The Carrier demonstrated that it provided specific notice to the Organization of its intention to contract this work to outside forces. The notice contained detailed information regarding the places and times that contractors would be used. However, the Carrier also bears the burden of showing that the work falls into one of the exceptions expressly identified in the Note to Rule 55:
However, such work may only be contracted provided that special skills not possessed by the Company’s employes, special equipment not owned by the Company, or special material available only when applied or installed through supplier, are required; or when work is such that the Company is not adequately equipped to handle the work, or when emergency time requirements exist which present undertakings not contemplated by the Agreement and beyond the capacity of the
Company’s forces.
The Carrier’s Notice fails to identify the reason for the use of outside forces, let alone any one of the specific reasons listed in the Note to Rule 55 that may justify contracting out. Although the Carrier later argued that it did not own this type of specialized equipment, it offered no evidence that the vacuum truck used was any different from those owned by the Carrier. Furthermore, its failure to identify any reason for contracting out in its Notice requires a sustaining Award. In Third Division Award 43572, an on-property award, this Board wrote,
The notice in this case does not identify a reason to justify contracting under the Note to Rule 55, and the Carrier did not submit any evidence that would support any contractual justification. On this record, the claim shall be sustained.

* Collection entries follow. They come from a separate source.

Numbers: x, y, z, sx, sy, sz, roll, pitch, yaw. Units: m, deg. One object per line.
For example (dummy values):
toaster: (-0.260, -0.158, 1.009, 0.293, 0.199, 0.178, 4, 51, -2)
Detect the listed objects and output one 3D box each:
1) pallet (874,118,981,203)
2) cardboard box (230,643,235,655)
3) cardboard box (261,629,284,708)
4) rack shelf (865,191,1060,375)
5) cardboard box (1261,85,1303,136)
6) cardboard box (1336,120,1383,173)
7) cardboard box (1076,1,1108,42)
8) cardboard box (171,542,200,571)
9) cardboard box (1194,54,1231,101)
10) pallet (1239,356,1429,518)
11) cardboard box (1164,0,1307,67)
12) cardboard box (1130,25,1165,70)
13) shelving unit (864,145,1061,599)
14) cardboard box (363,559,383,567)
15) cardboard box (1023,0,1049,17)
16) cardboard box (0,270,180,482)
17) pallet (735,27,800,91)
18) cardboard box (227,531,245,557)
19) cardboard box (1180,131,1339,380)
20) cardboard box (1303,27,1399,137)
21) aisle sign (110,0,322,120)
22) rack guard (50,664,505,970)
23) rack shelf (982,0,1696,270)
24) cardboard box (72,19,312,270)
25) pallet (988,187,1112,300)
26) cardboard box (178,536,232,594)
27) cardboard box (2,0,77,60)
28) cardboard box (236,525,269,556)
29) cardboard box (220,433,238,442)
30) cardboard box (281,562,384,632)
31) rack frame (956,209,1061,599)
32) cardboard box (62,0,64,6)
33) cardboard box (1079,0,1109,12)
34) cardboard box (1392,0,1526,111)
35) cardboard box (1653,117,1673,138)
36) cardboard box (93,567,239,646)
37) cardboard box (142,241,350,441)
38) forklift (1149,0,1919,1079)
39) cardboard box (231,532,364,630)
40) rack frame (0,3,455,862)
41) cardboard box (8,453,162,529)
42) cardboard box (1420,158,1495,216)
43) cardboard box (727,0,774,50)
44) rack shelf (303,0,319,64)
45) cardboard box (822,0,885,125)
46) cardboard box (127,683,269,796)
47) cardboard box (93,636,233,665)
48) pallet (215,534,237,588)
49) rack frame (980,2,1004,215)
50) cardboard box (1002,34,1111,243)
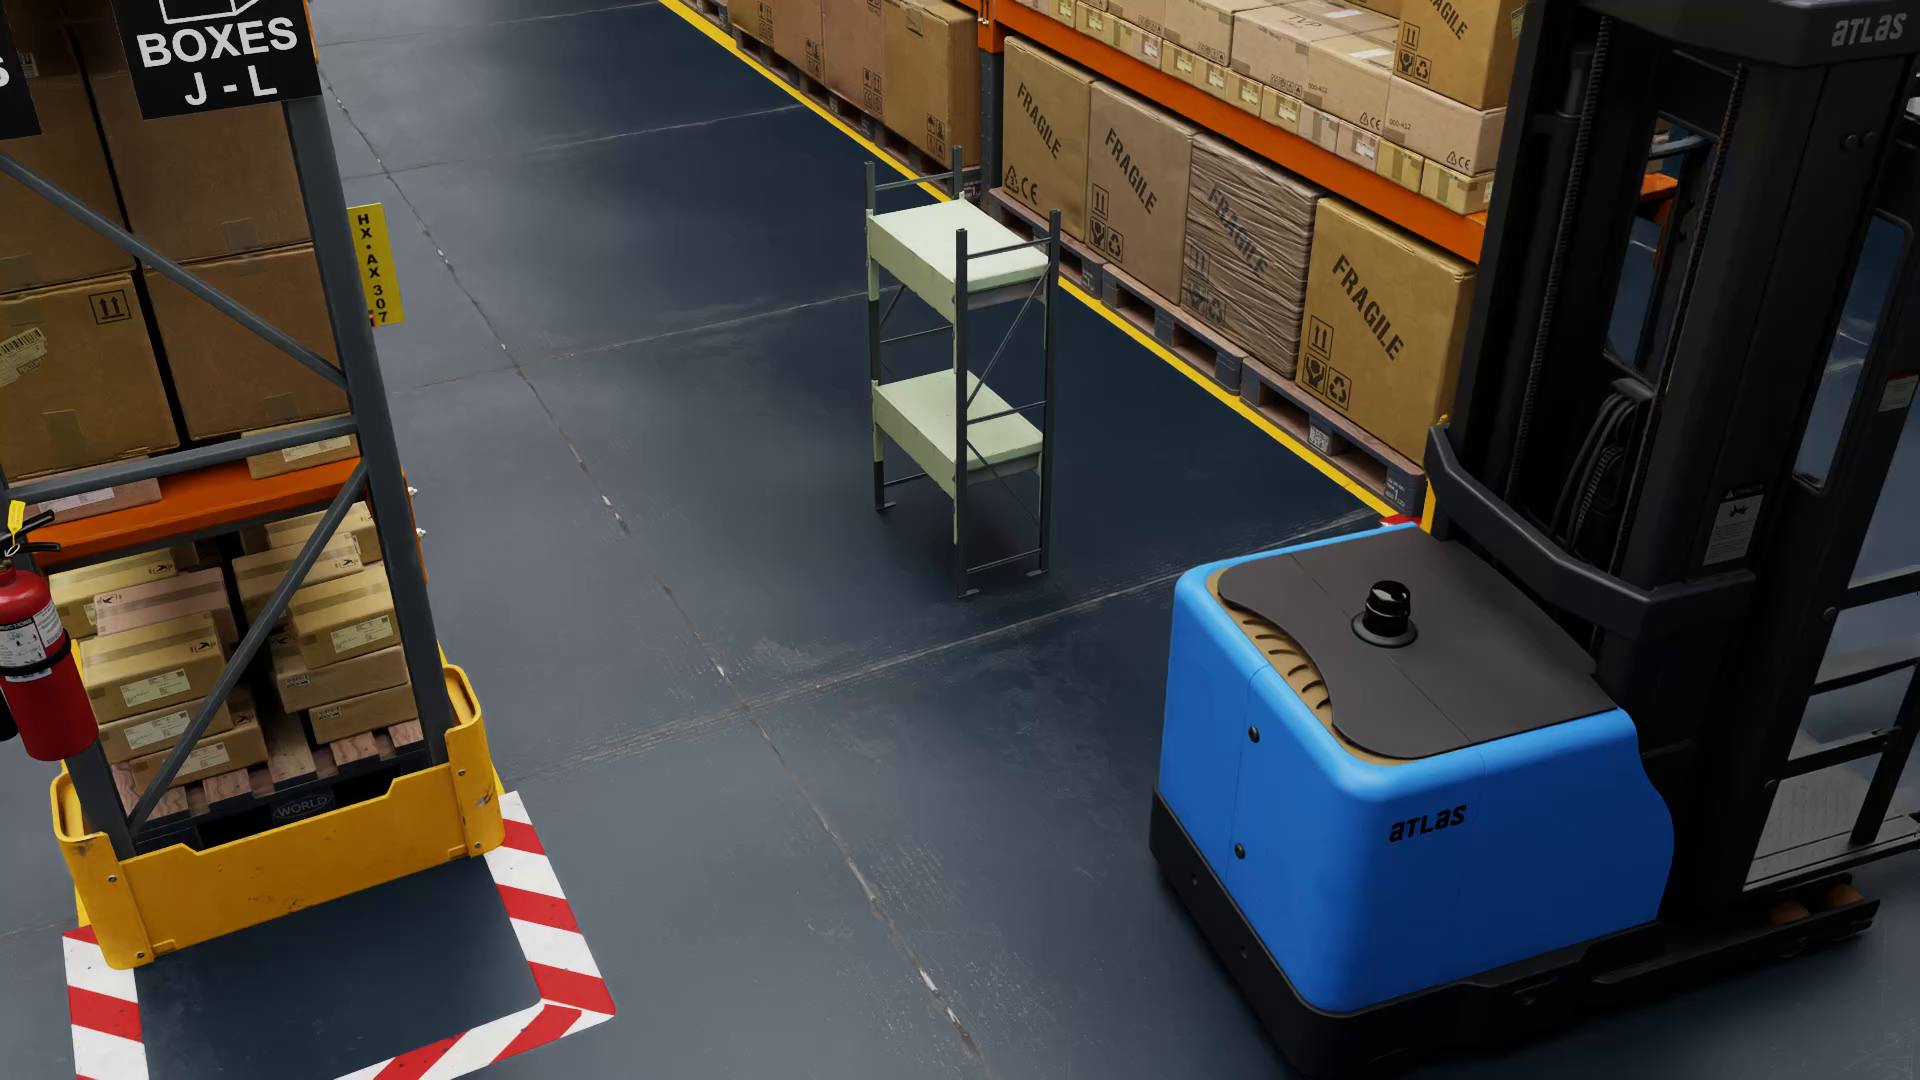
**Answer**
pallet: (0.162, -2.483, 10.430, 1.003, 0.211, 1.213, -16, 36, -23)
cardboard box: (-2.668, 0.380, 5.629, 0.380, 0.149, 0.250, -16, 36, -23)
cardboard box: (-2.137, 0.389, 5.615, 0.380, 0.149, 0.250, -16, 36, -23)
rack shelf: (-0.003, -0.963, 6.140, 0.431, 0.370, 0.720, -16, 36, -23)
cardboard box: (1.518, -1.867, 7.117, 0.380, 0.149, 0.250, -17, 36, -24)
cardboard box: (1.756, -1.624, 6.738, 0.380, 0.149, 0.250, -16, 36, -23)
cardboard box: (0.802, -2.601, 8.262, 0.380, 0.149, 0.250, -17, 36, -24)
cardboard box: (-2.817, 0.019, 5.641, 0.380, 0.149, 0.250, -17, 37, -25)
cardboard box: (1.283, -2.110, 7.495, 0.380, 0.149, 0.250, -15, 36, -22)
pallet: (2.011, -0.586, 7.470, 1.003, 0.211, 1.213, -16, 36, -23)
cardboard box: (1.272, -2.358, 7.513, 0.500, 0.250, 0.500, -16, 36, -23)
cardboard box: (1.037, -2.359, 7.884, 0.380, 0.149, 0.250, -15, 36, -23)
shelving unit: (-0.003, -0.635, 6.350, 0.431, 1.500, 0.755, -16, 36, -23)
cardboard box: (-2.282, 0.123, 6.031, 0.380, 0.149, 0.250, -15, 36, -23)
cardboard box: (0.554, -2.852, 8.653, 0.380, 0.149, 0.250, -17, 36, -25)
cardboard box: (-2.419, -0.516, 4.407, 0.500, 0.500, 0.500, -15, 36, -22)
pallet: (-0.976, -3.647, 12.247, 1.003, 0.211, 1.213, -16, 36, -23)
cardboard box: (-2.501, -0.108, 6.115, 0.380, 0.149, 0.250, -18, 37, -25)
cardboard box: (1.660, -1.400, 7.736, 0.875, 0.875, 0.875, -16, 36, -23)
cardboard box: (1.756, -1.868, 6.748, 0.500, 0.250, 0.500, -17, 36, -24)
aisle sign: (-1.682, -1.335, 3.643, 0.394, 0.787, 0.004, -16, 36, -23)
rack guard: (-2.017, 0.817, 5.012, 1.175, 0.500, 0.348, -16, 36, -23)
rack shelf: (1.521, -2.050, 7.836, 1.077, 0.370, 4.000, -16, 36, -23)
cardboard box: (-1.956, -1.069, 4.342, 0.500, 0.500, 0.500, -16, 36, -23)
pallet: (0.873, -1.751, 9.287, 1.003, 0.211, 1.213, -16, 36, -23)
cardboard box: (-2.759, 0.117, 5.764, 0.380, 0.149, 0.250, -16, 36, -24)
cardboard box: (-2.651, -1.185, 4.524, 0.500, 0.500, 0.500, -17, 36, -25)
cardboard box: (-2.354, -0.113, 5.848, 0.380, 0.149, 0.250, -18, 37, -25)
cardboard box: (-1.998, -0.442, 4.892, 0.380, 0.149, 0.250, -15, 35, -21)
cardboard box: (-2.077, 0.239, 5.573, 0.380, 0.149, 0.250, -16, 36, -23)
rack frame: (0.168, -0.460, 6.078, 0.400, 1.500, 0.023, -16, 36, -23)
cardboard box: (-3.597, -2.176, 6.071, 0.500, 0.500, 0.500, -17, 36, -25)
cardboard box: (0.803, -2.841, 8.267, 0.500, 0.250, 0.500, -16, 36, -23)
cardboard box: (1.993, -1.943, 6.170, 0.500, 0.500, 0.500, -15, 36, -23)
cardboard box: (2.468, -1.758, 6.576, 0.500, 0.250, 0.500, -17, 36, -24)
cardboard box: (-2.519, 0.250, 5.280, 0.380, 0.149, 0.250, -15, 36, -22)
cardboard box: (-1.947, -0.650, 4.616, 0.500, 0.500, 0.500, -14, 35, -21)
forklift: (2.157, -0.275, 4.463, 3.031, 2.935, 1.130, -11, 34, -17)
cardboard box: (-2.161, 0.137, 5.458, 0.380, 0.149, 0.250, -15, 36, -22)
rack frame: (-1.982, -0.199, 4.281, 1.000, 3.000, 0.127, -16, 36, -23)
cardboard box: (-2.384, -0.178, 4.480, 0.380, 0.149, 0.250, -16, 36, -23)
cardboard box: (1.996, -1.380, 6.356, 0.380, 0.149, 0.250, -15, 36, -22)
cardboard box: (-0.974, -4.164, 12.049, 1.225, 0.875, 0.875, -18, 37, -25)
rack shelf: (-2.914, -2.114, 5.155, 1.077, 0.370, 4.000, -16, 36, -23)
cardboard box: (-0.145, -3.316, 10.726, 1.225, 0.875, 0.875, -17, 36, -25)
cardboard box: (-2.412, 0.625, 5.247, 0.380, 0.149, 0.250, -15, 36, -22)
cardboard box: (-2.555, 0.381, 5.353, 0.380, 0.149, 0.250, -17, 36, -24)
pallet: (-2.930, -0.040, 6.616, 1.003, 0.211, 1.213, -16, 36, -23)
rack frame: (0.588, -3.308, 9.132, 1.000, 3.000, 0.127, -16, 36, -23)
cardboard box: (0.825, -2.255, 9.069, 0.875, 0.875, 0.875, -16, 36, -23)

However, the Board finds that the record does not contain sufficient information to determine an appropriate remedy. Accordingly, the issue shall be remanded for a joint check of the Carrier’s records to determine the number of hours worked by the contractors in order to calculate the Claimants’ proper compensation.

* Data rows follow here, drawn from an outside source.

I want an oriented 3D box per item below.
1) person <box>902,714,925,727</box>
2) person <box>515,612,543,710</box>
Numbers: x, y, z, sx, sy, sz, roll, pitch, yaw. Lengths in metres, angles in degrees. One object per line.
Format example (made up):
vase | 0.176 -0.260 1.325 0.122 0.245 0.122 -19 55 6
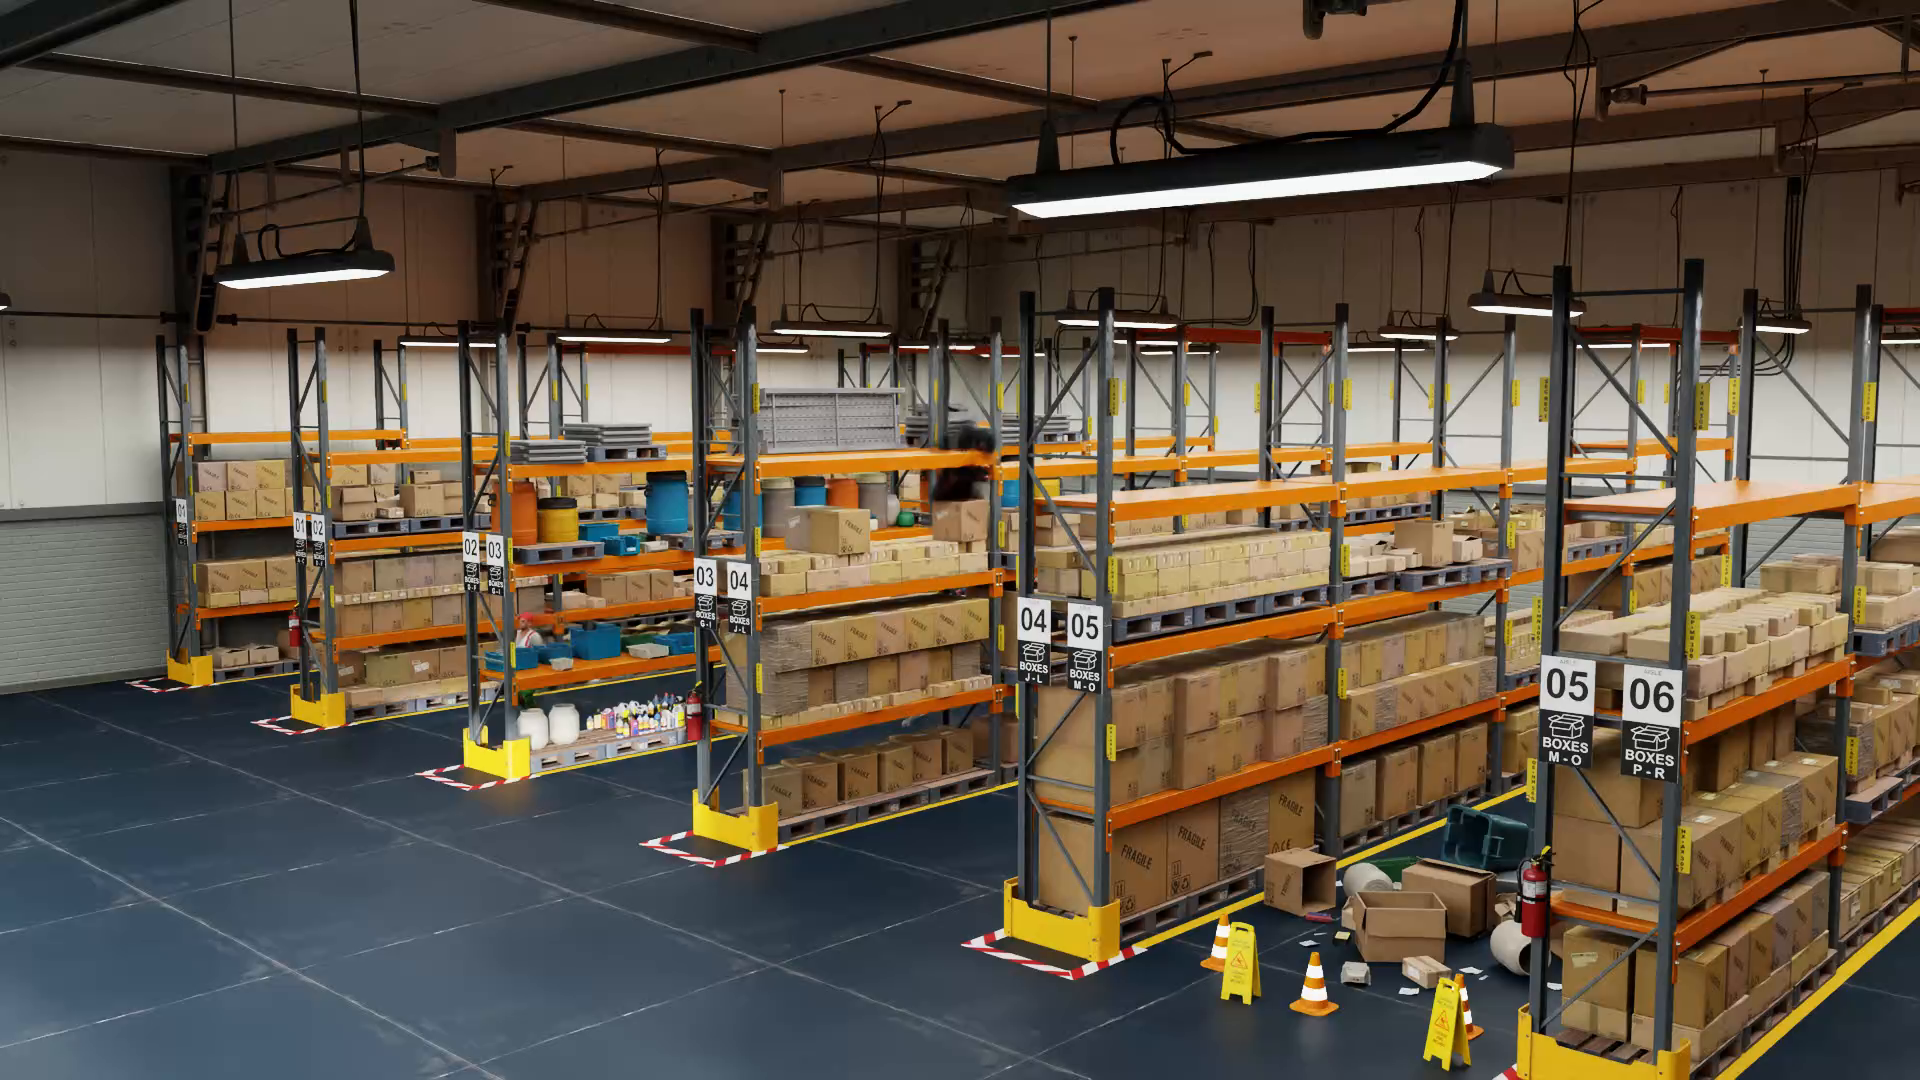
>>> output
person | -0.667 1.756 24.141 0.608 1.782 0.858 4 7 39
person | -6.544 1.949 24.886 0.656 1.738 0.586 3 6 29

Claim sustained in accordance with the Findings.
This Board, after consideration of the dispute identified above, hereby orders that an award favorable to the Claimant(s) be made. The Carrier is ordered to make the Award effective on or before 30 days following the postmark date the Award is transmitted to the parties.
NATIONAL RAILROAD ADJUSTMENT BOARD
By Order of Third Division Dated at Chicago, Illinois, this 22nd day of February 2024.